__DATASET EXCERPTS__.
——

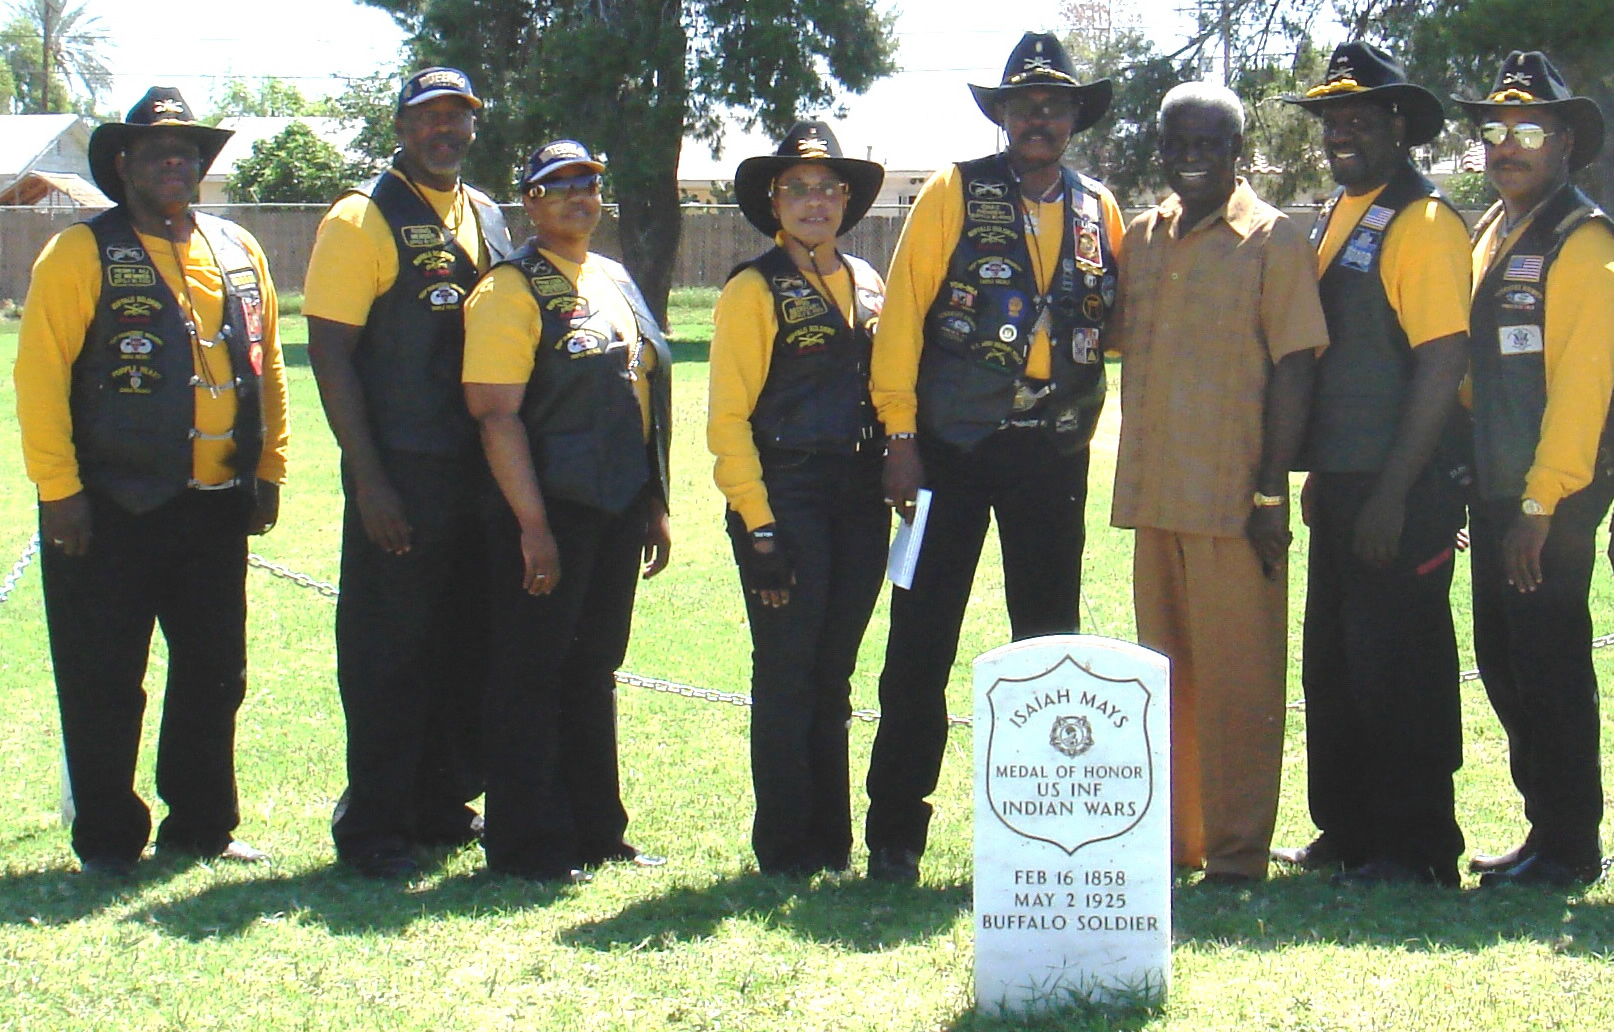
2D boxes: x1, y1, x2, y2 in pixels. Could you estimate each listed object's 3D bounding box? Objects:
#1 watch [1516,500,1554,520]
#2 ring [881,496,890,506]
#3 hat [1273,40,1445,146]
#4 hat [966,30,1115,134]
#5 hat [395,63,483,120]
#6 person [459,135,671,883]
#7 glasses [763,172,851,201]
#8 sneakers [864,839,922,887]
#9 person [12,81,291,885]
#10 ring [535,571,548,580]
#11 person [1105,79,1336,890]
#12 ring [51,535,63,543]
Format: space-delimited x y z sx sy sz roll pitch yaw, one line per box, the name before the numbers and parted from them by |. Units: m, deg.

——

__TASK STATEMENT__. Copy the data word for word, no pictures.

__EXERCISE RESULT__.
2D boxes: x1, y1, x2, y2 in pixels. Could you estimate each listed object's 3D bounding box? Objects:
#1 watch [1516,500,1554,520]
#2 ring [881,496,890,506]
#3 hat [1273,40,1445,146]
#4 hat [966,30,1115,134]
#5 hat [395,63,483,120]
#6 person [459,135,671,883]
#7 glasses [763,172,851,201]
#8 sneakers [864,839,922,887]
#9 person [12,81,291,885]
#10 ring [535,571,548,580]
#11 person [1105,79,1336,890]
#12 ring [51,535,63,543]
Format: space-delimited x y z sx sy sz roll pitch yaw, one line per box, the name before the numbers and parted from them by |. Units: m, deg.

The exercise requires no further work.